*** Task material Section Begins ***
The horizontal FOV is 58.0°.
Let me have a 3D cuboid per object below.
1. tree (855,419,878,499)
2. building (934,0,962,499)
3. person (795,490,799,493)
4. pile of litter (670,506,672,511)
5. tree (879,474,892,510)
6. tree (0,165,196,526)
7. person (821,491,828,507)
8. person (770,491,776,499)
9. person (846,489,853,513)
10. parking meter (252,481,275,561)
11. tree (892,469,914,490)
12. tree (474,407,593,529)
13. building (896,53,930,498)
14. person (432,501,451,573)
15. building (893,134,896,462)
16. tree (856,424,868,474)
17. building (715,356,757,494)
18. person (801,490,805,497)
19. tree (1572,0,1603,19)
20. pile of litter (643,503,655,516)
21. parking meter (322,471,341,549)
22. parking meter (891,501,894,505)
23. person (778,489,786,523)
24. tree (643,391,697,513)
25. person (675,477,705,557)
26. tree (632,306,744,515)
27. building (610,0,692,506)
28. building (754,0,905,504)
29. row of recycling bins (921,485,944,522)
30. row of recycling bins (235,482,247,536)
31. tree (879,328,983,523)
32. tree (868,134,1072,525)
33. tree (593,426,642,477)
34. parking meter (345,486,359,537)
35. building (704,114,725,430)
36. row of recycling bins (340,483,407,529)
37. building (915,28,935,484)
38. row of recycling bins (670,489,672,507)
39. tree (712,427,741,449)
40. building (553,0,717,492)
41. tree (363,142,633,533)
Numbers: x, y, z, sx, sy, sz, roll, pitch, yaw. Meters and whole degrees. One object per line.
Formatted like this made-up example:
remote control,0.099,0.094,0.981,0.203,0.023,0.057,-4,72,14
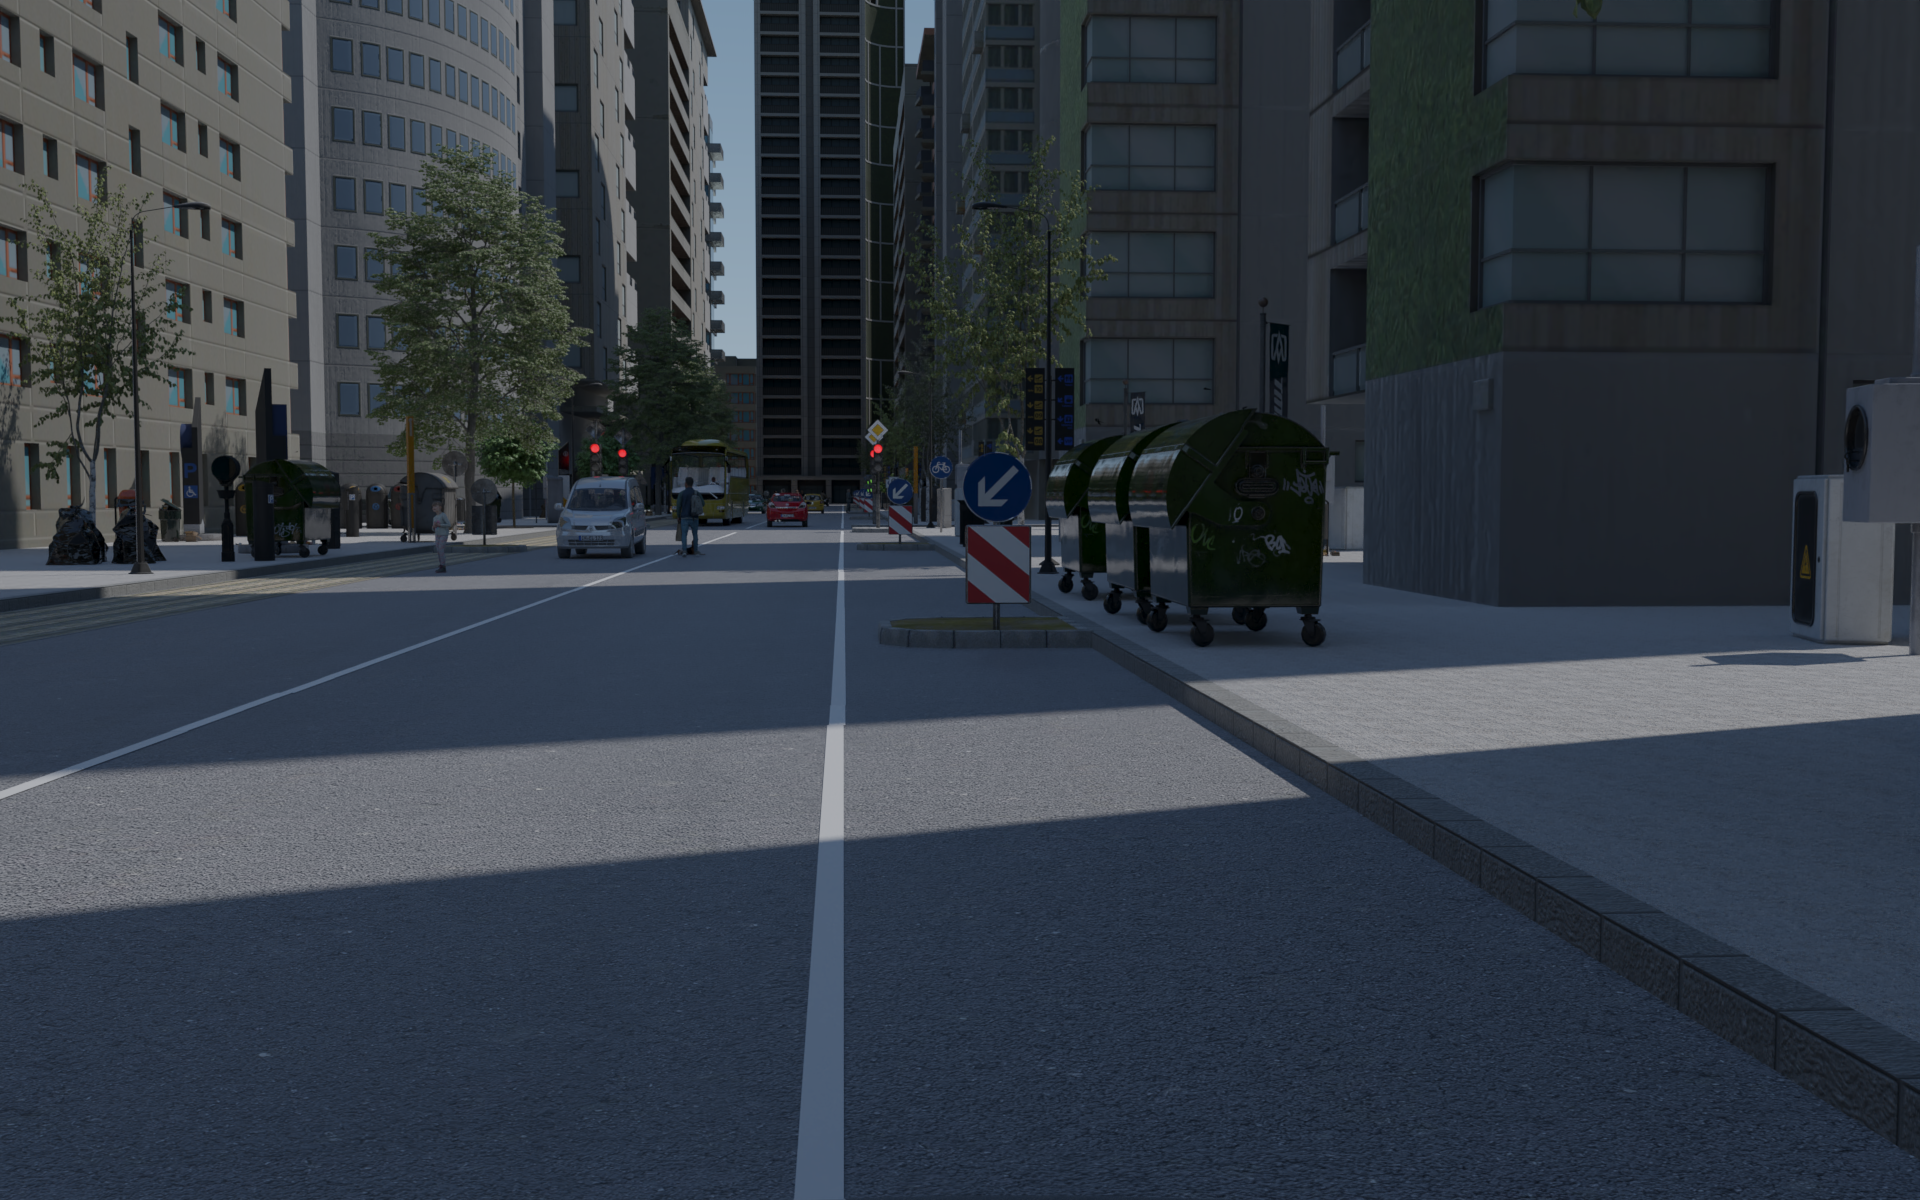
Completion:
tree,-7.406,-12.948,162.065,4.360,8.622,3.978,0,3,0
building,8.678,-35.490,122.265,21.231,58.520,28.212,0,4,-4
person,-13.019,-7.844,137.346,0.643,1.750,0.593,1,4,20
pile of litter,-23.900,-7.907,143.238,1.719,0.858,1.176,0,4,3
tree,-5.328,-9.072,142.925,1.663,3.219,1.824,0,3,0
tree,-19.805,-5.455,39.548,4.737,8.622,4.395,0,3,0
person,-15.006,-11.095,189.910,1.348,1.823,0.705,3,5,40
person,-18.185,-9.782,169.220,0.721,1.735,1.217,2,4,27
person,-8.294,-7.436,130.247,0.590,1.801,0.661,-1,4,-11
parking meter,-13.361,-1.519,33.240,0.372,1.533,0.369,0,3,0
tree,-3.949,-8.496,133.518,1.663,3.219,1.824,0,3,0
tree,-16.681,-4.972,65.001,4.285,4.588,4.351,0,3,0
building,4.299,-34.548,188.556,21.300,48.544,21.600,0,4,-4
person,-9.492,-1.153,31.624,0.425,1.301,0.394,1,4,17
building,2.892,-35.918,210.958,21.300,48.544,21.600,0,4,-4
tree,-2.274,-8.555,90.239,4.737,8.622,4.395,0,3,0
building,-42.901,-24.565,246.682,28.899,21.520,27.650,0,4,-4
person,-15.469,-9.862,169.762,1.348,1.822,0.705,1,4,23
tree,3.173,-3.363,5.350,4.737,8.622,4.395,0,3,0
pile of litter,-18.561,-5.383,101.982,1.176,0.858,1.719,3,4,36
parking meter,-14.709,-2.128,40.496,0.399,1.863,0.255,1,4,9
parking meter,-4.260,-6.565,113.054,0.399,1.863,0.255,-1,4,-21
person,-8.587,-4.582,84.422,0.512,1.701,0.522,-3,5,-41
tree,-19.336,-10.049,114.662,4.737,8.622,4.395,0,3,0
person,-6.192,-1.889,39.365,0.794,1.824,0.713,0,4,6
tree,-17.874,-11.413,104.735,7.486,12.596,7.792,0,3,0
building,-35.975,-32.612,156.904,21.300,48.544,21.600,0,4,-4
building,-17.960,-49.233,243.217,20.611,71.187,20.563,0,4,-4
row of recycling bins,-1.288,-4.558,81.637,1.069,1.692,3.534,0,4,6
row of recycling bins,-20.593,-2.778,52.530,3.534,1.692,1.069,2,4,27
tree,-1.219,-7.786,77.662,4.360,8.622,3.978,0,3,0
tree,0.992,-5.168,34.865,4.737,8.622,4.395,0,3,0
tree,-16.949,-6.081,83.138,4.285,4.588,4.351,0,3,0
parking meter,-18.137,-2.646,51.678,0.372,1.533,0.369,0,3,0
building,-43.682,-35.890,206.403,30.456,49.044,23.786,0,4,-4
row of recycling bins,-21.224,-3.498,64.311,3.534,1.692,1.069,-1,4,-11
building,7.072,-31.131,163.614,22.147,44.769,28.867,0,4,-4
row of recycling bins,-21.898,-8.067,139.014,3.534,1.692,1.069,-2,4,-24
tree,-22.066,-12.703,158.057,4.737,8.622,4.395,0,3,0
building,-40.504,-36.195,181.029,28.713,52.752,27.495,0,4,-4
tree,-15.698,-8.468,56.574,7.486,12.596,7.792,0,3,0
*** Task material Section Ends ***
**What the task asks**. Please retype the whole listing above exactly, without any of its images.

**Written solution**.
The horizontal FOV is 58.0°.
Let me have a 3D cuboid per object below.
1. tree (855,419,878,499)
2. building (934,0,962,499)
3. person (795,490,799,493)
4. pile of litter (670,506,672,511)
5. tree (879,474,892,510)
6. tree (0,165,196,526)
7. person (821,491,828,507)
8. person (770,491,776,499)
9. person (846,489,853,513)
10. parking meter (252,481,275,561)
11. tree (892,469,914,490)
12. tree (474,407,593,529)
13. building (896,53,930,498)
14. person (432,501,451,573)
15. building (893,134,896,462)
16. tree (856,424,868,474)
17. building (715,356,757,494)
18. person (801,490,805,497)
19. tree (1572,0,1603,19)
20. pile of litter (643,503,655,516)
21. parking meter (322,471,341,549)
22. parking meter (891,501,894,505)
23. person (778,489,786,523)
24. tree (643,391,697,513)
25. person (675,477,705,557)
26. tree (632,306,744,515)
27. building (610,0,692,506)
28. building (754,0,905,504)
29. row of recycling bins (921,485,944,522)
30. row of recycling bins (235,482,247,536)
31. tree (879,328,983,523)
32. tree (868,134,1072,525)
33. tree (593,426,642,477)
34. parking meter (345,486,359,537)
35. building (704,114,725,430)
36. row of recycling bins (340,483,407,529)
37. building (915,28,935,484)
38. row of recycling bins (670,489,672,507)
39. tree (712,427,741,449)
40. building (553,0,717,492)
41. tree (363,142,633,533)
Numbers: x, y, z, sx, sy, sz, roll, pitch, yaw. Meters and whole degrees. One object per line.
Formatted like this made-up example:
remote control,0.099,0.094,0.981,0.203,0.023,0.057,-4,72,14
Completion:
tree,-7.406,-12.948,162.065,4.360,8.622,3.978,0,3,0
building,8.678,-35.490,122.265,21.231,58.520,28.212,0,4,-4
person,-13.019,-7.844,137.346,0.643,1.750,0.593,1,4,20
pile of litter,-23.900,-7.907,143.238,1.719,0.858,1.176,0,4,3
tree,-5.328,-9.072,142.925,1.663,3.219,1.824,0,3,0
tree,-19.805,-5.455,39.548,4.737,8.622,4.395,0,3,0
person,-15.006,-11.095,189.910,1.348,1.823,0.705,3,5,40
person,-18.185,-9.782,169.220,0.721,1.735,1.217,2,4,27
person,-8.294,-7.436,130.247,0.590,1.801,0.661,-1,4,-11
parking meter,-13.361,-1.519,33.240,0.372,1.533,0.369,0,3,0
tree,-3.949,-8.496,133.518,1.663,3.219,1.824,0,3,0
tree,-16.681,-4.972,65.001,4.285,4.588,4.351,0,3,0
building,4.299,-34.548,188.556,21.300,48.544,21.600,0,4,-4
person,-9.492,-1.153,31.624,0.425,1.301,0.394,1,4,17
building,2.892,-35.918,210.958,21.300,48.544,21.600,0,4,-4
tree,-2.274,-8.555,90.239,4.737,8.622,4.395,0,3,0
building,-42.901,-24.565,246.682,28.899,21.520,27.650,0,4,-4
person,-15.469,-9.862,169.762,1.348,1.822,0.705,1,4,23
tree,3.173,-3.363,5.350,4.737,8.622,4.395,0,3,0
pile of litter,-18.561,-5.383,101.982,1.176,0.858,1.719,3,4,36
parking meter,-14.709,-2.128,40.496,0.399,1.863,0.255,1,4,9
parking meter,-4.260,-6.565,113.054,0.399,1.863,0.255,-1,4,-21
person,-8.587,-4.582,84.422,0.512,1.701,0.522,-3,5,-41
tree,-19.336,-10.049,114.662,4.737,8.622,4.395,0,3,0
person,-6.192,-1.889,39.365,0.794,1.824,0.713,0,4,6
tree,-17.874,-11.413,104.735,7.486,12.596,7.792,0,3,0
building,-35.975,-32.612,156.904,21.300,48.544,21.600,0,4,-4
building,-17.960,-49.233,243.217,20.611,71.187,20.563,0,4,-4
row of recycling bins,-1.288,-4.558,81.637,1.069,1.692,3.534,0,4,6
row of recycling bins,-20.593,-2.778,52.530,3.534,1.692,1.069,2,4,27
tree,-1.219,-7.786,77.662,4.360,8.622,3.978,0,3,0
tree,0.992,-5.168,34.865,4.737,8.622,4.395,0,3,0
tree,-16.949,-6.081,83.138,4.285,4.588,4.351,0,3,0
parking meter,-18.137,-2.646,51.678,0.372,1.533,0.369,0,3,0
building,-43.682,-35.890,206.403,30.456,49.044,23.786,0,4,-4
row of recycling bins,-21.224,-3.498,64.311,3.534,1.692,1.069,-1,4,-11
building,7.072,-31.131,163.614,22.147,44.769,28.867,0,4,-4
row of recycling bins,-21.898,-8.067,139.014,3.534,1.692,1.069,-2,4,-24
tree,-22.066,-12.703,158.057,4.737,8.622,4.395,0,3,0
building,-40.504,-36.195,181.029,28.713,52.752,27.495,0,4,-4
tree,-15.698,-8.468,56.574,7.486,12.596,7.792,0,3,0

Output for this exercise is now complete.